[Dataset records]
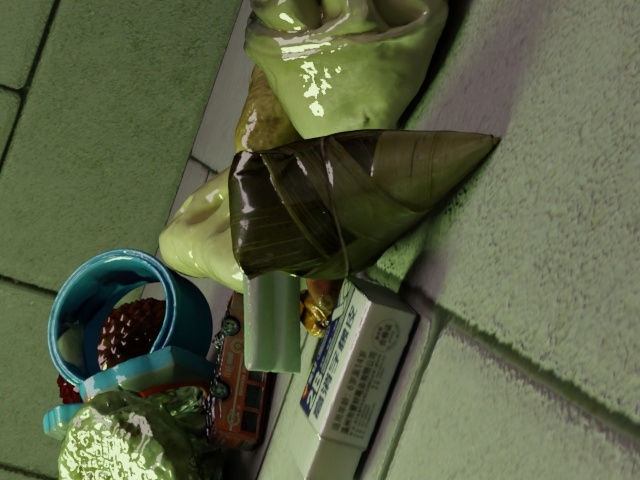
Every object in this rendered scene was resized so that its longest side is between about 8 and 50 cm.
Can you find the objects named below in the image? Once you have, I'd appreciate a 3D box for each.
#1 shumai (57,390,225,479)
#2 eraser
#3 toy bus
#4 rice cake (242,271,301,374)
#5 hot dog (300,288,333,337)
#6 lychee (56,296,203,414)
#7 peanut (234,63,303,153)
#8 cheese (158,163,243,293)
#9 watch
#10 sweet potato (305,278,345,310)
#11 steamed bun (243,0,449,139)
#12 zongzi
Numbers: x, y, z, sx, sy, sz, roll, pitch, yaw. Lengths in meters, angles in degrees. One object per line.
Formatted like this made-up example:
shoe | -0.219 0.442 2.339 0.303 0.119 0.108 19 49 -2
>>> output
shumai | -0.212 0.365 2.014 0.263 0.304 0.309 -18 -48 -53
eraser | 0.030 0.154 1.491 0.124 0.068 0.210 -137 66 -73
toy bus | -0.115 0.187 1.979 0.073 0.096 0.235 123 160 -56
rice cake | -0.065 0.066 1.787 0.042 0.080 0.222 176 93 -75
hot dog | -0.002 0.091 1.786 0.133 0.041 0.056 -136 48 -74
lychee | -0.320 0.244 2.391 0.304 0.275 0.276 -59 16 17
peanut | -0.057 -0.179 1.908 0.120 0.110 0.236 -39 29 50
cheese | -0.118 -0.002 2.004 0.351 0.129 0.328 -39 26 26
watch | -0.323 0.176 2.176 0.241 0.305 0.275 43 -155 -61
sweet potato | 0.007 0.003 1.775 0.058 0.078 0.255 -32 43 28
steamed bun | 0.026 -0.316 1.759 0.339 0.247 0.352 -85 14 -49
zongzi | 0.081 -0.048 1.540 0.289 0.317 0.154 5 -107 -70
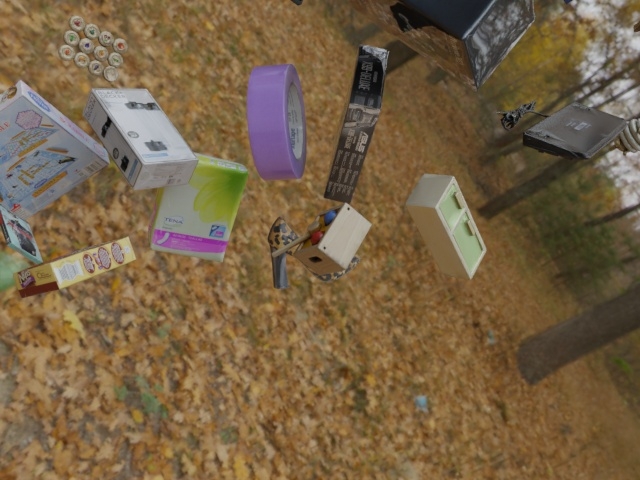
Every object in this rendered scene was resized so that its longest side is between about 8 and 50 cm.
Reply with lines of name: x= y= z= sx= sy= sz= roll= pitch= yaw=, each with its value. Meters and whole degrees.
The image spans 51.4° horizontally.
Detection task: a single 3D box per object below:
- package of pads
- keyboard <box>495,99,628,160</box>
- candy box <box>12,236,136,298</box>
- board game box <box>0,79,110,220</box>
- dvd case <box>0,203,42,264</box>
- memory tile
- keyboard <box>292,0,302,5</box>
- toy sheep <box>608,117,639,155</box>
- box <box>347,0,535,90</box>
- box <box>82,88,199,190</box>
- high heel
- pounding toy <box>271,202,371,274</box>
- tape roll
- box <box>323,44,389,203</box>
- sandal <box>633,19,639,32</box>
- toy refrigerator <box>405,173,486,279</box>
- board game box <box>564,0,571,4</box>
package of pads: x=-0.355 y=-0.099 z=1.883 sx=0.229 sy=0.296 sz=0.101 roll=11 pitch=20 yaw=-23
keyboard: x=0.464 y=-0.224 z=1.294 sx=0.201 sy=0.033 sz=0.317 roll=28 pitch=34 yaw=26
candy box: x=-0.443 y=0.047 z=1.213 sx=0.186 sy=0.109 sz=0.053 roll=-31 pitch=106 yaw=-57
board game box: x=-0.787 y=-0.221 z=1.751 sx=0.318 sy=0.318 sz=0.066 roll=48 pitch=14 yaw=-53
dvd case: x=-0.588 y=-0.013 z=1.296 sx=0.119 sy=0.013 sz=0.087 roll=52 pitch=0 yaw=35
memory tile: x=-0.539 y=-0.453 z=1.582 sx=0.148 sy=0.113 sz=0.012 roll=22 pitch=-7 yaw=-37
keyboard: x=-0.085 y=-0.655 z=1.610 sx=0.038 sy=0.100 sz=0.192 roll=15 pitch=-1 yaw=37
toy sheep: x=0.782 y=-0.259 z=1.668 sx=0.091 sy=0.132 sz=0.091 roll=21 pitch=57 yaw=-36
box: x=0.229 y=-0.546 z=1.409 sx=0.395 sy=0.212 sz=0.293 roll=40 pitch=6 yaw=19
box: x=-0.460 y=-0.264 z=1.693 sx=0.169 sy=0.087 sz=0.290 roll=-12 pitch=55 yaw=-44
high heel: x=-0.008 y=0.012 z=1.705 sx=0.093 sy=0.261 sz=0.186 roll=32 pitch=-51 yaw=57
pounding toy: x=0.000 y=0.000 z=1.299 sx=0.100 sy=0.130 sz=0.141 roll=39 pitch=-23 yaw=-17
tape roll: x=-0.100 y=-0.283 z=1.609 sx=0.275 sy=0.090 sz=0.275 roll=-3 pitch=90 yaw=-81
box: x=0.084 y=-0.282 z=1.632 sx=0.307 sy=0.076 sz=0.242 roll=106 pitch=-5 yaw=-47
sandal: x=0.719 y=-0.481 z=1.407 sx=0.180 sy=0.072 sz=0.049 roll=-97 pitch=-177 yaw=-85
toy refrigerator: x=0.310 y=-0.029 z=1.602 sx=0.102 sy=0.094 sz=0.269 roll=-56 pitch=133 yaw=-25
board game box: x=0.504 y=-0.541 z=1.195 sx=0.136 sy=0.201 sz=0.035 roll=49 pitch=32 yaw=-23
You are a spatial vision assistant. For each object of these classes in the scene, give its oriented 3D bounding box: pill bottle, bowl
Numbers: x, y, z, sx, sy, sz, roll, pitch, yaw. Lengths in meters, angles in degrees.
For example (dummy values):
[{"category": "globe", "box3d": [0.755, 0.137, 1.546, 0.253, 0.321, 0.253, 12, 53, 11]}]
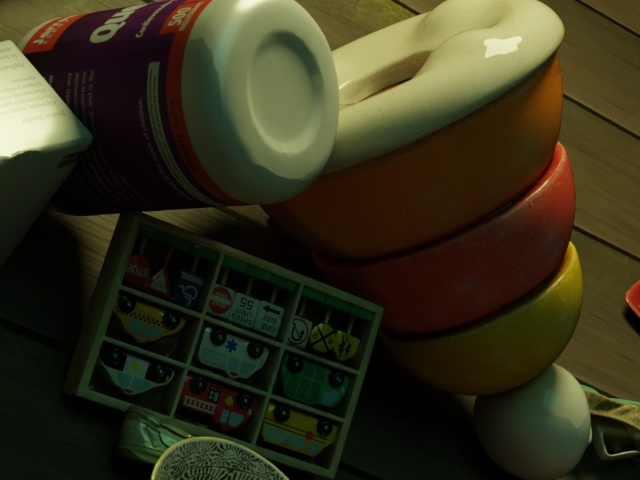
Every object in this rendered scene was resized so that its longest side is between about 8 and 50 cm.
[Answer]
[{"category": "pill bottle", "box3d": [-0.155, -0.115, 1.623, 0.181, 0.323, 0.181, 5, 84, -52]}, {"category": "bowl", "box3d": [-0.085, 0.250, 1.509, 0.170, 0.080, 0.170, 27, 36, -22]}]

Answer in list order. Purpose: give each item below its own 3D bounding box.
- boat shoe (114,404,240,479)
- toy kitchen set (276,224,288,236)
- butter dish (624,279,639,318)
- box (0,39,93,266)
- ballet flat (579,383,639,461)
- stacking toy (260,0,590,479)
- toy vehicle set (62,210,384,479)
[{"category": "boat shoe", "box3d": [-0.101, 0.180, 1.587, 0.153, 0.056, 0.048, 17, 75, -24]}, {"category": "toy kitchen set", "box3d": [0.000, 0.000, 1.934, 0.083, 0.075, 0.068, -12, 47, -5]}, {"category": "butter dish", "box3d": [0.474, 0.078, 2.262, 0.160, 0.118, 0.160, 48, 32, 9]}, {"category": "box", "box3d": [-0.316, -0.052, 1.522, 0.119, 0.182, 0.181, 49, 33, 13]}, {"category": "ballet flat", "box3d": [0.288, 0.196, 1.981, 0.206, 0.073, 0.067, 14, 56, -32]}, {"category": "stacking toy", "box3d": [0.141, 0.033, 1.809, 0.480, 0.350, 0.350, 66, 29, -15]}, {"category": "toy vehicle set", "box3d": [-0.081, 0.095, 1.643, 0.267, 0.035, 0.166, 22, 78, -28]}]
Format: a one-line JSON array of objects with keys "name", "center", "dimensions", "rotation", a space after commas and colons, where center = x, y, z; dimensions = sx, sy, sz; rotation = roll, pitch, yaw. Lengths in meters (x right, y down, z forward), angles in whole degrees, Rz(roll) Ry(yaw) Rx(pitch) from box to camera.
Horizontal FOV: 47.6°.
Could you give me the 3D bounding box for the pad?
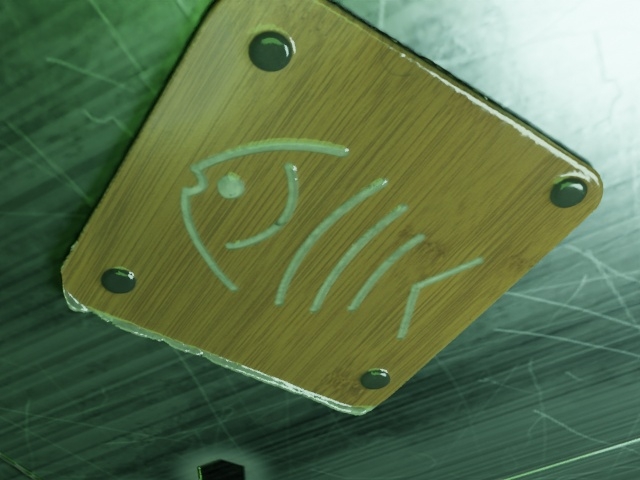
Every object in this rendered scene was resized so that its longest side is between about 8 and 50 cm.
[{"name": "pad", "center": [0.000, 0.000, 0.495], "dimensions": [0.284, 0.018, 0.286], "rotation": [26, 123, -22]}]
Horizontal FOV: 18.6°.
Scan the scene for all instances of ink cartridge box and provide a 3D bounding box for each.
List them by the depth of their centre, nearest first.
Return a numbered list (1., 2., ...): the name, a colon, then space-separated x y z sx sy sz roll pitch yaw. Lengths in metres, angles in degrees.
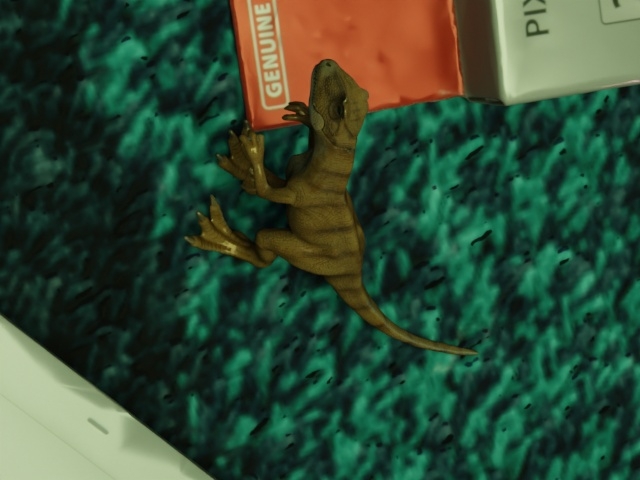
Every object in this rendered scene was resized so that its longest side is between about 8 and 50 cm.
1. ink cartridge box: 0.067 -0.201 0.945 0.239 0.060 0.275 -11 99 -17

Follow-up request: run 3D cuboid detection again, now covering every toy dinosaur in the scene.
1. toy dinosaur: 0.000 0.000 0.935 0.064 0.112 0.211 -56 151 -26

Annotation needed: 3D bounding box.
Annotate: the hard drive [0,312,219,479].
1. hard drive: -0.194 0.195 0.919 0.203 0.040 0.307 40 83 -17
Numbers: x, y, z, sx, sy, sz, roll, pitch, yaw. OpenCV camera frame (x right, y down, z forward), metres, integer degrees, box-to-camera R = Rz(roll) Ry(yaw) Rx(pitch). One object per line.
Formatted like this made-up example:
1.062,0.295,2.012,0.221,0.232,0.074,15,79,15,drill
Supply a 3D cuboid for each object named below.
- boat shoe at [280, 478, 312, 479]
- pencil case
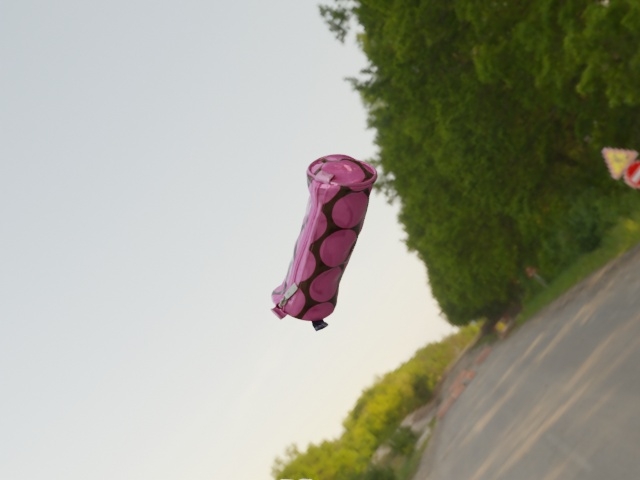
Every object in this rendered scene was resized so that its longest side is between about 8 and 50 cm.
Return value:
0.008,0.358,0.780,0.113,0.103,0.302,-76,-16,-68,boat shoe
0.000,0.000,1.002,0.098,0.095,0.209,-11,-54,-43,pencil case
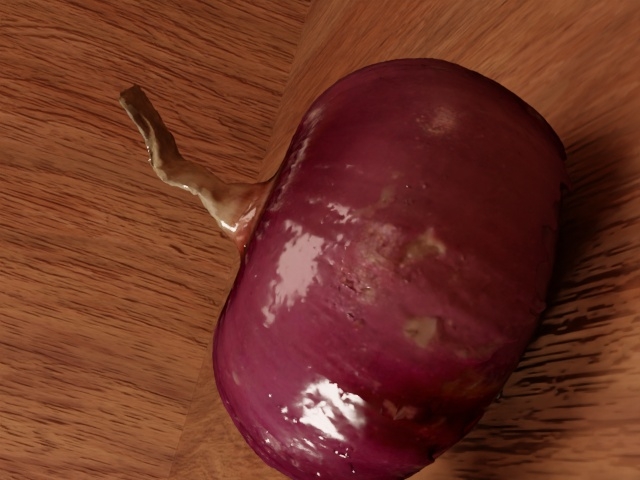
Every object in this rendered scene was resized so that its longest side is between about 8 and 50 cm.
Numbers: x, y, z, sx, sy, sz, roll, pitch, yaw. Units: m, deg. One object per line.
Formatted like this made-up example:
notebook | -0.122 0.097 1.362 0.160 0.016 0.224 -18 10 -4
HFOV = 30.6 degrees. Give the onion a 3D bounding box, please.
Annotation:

▶ **Problem details**
Which lines in the entries above contain "bounding"? Pull each of them out.

▶ **Answer section**
You are a spatial vision assistant. For each object of these classes in the scene, give its oriented 3D bounding box: pill bottle, bowl
Answer in list order. Purpose: give each item below its own 3D bounding box.
Could you give me the 3D bounding box for the pad?
Scan the scene for all instances of ink cartridge box and provide a 3D bounding box for each.
Annotation needed: 3D bounding box.
HFOV = 30.6 degrees. Give the onion a 3D bounding box, please.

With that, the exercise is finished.